Coming Showdown in Pakistan

Pakistan's military dictator, Pervez Musharraf, was required by his country's Supreme Court to hold parliamentary elections by October of 2002. He has attempted to set the elections up so that he could meet the formal requirement but keep most power in his own hands. Some of his moves have a populist tinge, but their underlying premise is that he and only he knows what is best for the country.

He held a referendum last spring on his "presidency," allowing him to avoid running against another candidate in fall elections. He won the referendum, but it seems fairly meaningless. It is not clear whether he would win if it were held now.

He required the major political parties to hold internal party elections for the first time, to choose their flagbearers. In the past, the parties were run by cronyism and the consensus of party elders. He also attempted to ban his major rivals, Benazir Bhutto and Nawaz Sharif -- both of whom had been prime minister in the 1990s, and both of whom are shadowed by corruption and high-handedness--from further political office.

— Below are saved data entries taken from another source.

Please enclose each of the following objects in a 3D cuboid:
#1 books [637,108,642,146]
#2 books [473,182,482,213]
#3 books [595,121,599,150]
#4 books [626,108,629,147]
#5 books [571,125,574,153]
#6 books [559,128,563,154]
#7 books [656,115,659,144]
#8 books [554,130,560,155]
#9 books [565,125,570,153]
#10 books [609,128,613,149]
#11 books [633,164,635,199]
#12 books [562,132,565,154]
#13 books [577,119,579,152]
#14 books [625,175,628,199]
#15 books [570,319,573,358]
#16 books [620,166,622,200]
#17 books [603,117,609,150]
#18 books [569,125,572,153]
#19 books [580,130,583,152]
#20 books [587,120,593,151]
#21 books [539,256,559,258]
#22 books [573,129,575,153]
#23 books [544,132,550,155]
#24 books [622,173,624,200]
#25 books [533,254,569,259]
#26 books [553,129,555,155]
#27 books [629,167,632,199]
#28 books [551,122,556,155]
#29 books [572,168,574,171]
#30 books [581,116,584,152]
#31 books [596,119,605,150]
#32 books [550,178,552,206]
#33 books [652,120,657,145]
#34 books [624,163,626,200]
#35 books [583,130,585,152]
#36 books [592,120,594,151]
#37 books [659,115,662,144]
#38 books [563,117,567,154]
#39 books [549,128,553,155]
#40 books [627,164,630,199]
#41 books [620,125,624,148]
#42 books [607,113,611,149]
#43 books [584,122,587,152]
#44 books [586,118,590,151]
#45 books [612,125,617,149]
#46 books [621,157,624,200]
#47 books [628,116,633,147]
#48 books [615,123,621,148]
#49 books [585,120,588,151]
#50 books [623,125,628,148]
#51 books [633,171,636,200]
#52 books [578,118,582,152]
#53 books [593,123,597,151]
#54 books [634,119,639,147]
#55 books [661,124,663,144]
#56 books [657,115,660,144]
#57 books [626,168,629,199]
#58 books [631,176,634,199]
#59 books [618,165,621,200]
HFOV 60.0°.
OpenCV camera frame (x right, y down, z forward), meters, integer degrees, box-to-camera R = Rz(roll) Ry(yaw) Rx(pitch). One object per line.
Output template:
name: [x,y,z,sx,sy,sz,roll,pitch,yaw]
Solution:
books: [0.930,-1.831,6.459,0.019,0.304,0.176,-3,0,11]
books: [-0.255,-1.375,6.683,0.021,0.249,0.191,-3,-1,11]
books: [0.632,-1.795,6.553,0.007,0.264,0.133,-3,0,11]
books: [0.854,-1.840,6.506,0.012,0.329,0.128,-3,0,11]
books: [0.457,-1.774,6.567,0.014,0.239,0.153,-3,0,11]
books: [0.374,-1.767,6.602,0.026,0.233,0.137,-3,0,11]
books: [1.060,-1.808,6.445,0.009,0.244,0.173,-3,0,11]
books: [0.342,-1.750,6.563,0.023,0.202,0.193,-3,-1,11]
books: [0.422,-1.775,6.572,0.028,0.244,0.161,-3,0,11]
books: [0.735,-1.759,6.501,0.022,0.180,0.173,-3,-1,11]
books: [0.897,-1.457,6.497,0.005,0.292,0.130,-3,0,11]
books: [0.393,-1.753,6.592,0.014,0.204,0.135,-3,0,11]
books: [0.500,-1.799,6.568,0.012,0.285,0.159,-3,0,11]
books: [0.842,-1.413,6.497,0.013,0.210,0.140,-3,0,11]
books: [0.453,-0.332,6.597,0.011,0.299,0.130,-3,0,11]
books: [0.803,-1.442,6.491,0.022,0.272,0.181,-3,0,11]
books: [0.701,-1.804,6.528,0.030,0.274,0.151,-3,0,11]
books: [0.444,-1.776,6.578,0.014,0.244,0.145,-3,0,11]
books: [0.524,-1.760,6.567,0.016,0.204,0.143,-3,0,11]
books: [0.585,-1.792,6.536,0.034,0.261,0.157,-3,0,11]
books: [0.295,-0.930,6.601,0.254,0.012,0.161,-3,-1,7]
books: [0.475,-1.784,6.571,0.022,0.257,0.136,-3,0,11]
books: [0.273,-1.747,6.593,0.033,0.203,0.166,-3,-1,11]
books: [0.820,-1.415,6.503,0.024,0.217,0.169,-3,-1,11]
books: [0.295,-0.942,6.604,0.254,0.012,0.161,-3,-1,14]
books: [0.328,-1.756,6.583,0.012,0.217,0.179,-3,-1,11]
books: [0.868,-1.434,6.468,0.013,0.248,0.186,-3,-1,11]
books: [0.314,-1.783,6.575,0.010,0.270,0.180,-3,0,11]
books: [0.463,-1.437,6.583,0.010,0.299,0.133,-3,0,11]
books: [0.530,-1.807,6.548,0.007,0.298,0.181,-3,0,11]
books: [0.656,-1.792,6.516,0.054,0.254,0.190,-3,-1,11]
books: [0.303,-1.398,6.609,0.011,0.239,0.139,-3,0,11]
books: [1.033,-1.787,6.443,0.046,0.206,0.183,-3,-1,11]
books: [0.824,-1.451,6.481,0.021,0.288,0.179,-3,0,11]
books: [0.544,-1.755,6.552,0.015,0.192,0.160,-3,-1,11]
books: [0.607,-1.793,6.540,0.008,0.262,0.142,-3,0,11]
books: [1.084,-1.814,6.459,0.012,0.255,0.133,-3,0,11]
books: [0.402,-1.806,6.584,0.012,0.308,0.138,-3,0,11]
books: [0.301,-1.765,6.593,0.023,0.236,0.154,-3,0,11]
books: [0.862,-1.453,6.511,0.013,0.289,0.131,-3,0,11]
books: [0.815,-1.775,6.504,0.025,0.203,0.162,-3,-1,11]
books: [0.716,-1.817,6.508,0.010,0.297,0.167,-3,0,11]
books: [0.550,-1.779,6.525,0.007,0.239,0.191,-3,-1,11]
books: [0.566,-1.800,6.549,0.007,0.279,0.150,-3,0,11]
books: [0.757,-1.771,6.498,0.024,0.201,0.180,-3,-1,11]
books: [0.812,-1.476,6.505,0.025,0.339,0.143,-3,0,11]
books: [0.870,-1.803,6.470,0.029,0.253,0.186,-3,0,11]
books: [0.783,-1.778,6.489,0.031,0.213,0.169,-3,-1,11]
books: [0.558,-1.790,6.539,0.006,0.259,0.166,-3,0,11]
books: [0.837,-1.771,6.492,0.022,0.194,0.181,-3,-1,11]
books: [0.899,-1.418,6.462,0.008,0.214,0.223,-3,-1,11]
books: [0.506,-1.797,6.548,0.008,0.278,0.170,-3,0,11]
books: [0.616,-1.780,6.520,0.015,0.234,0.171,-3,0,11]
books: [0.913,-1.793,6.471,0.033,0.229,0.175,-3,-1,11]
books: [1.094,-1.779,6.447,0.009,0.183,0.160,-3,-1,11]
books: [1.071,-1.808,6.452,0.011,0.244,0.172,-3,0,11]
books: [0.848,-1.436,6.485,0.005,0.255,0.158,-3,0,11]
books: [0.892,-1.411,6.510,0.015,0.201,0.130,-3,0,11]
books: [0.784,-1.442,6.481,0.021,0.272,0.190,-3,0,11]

Nevertheless, the Pakistan People's Party voted for Benazir as party head, and she says at least that she is coming back to fight the election. Musharraf has vowed to jail her if she does, on the embezzlement charges outstanding against her. The Muslim League (N), loyal to Nawaz Sharif, also appears set to make him party head, though it is also rumored that his daughter might stand in for him. She has just left Jiddah and according to Agence France Press, is back in Pakistan with her husband. Sharif and about 200 family members and retainers were exiled to Saudi Arabia after Musharraf's coup of fall, 1999. His daugher Maryam's return appears to be a breach of the agreement then reached.

The parties have refused to take Musharraf's hint and to produce new in-country leadership not tainted by past excesses. Such new leadership would have been weak and easily outmaneuvered by Musharraf, of course. If he responds to their defiance by canceling elections, or jailing party heads, or taking other Draconian action, he will look very bad in the West. Whether the parties retain enough organizational ability to defy him with rallies after nearly 3 years of dictatorship is unclear, and whether the army will be committed to the fray is uncertain. What does seem clear is that Musharraf's dictatorial instincts are running up against a still feisty Pakistani political culture, and that the people are not yet ready to roll over and play dead.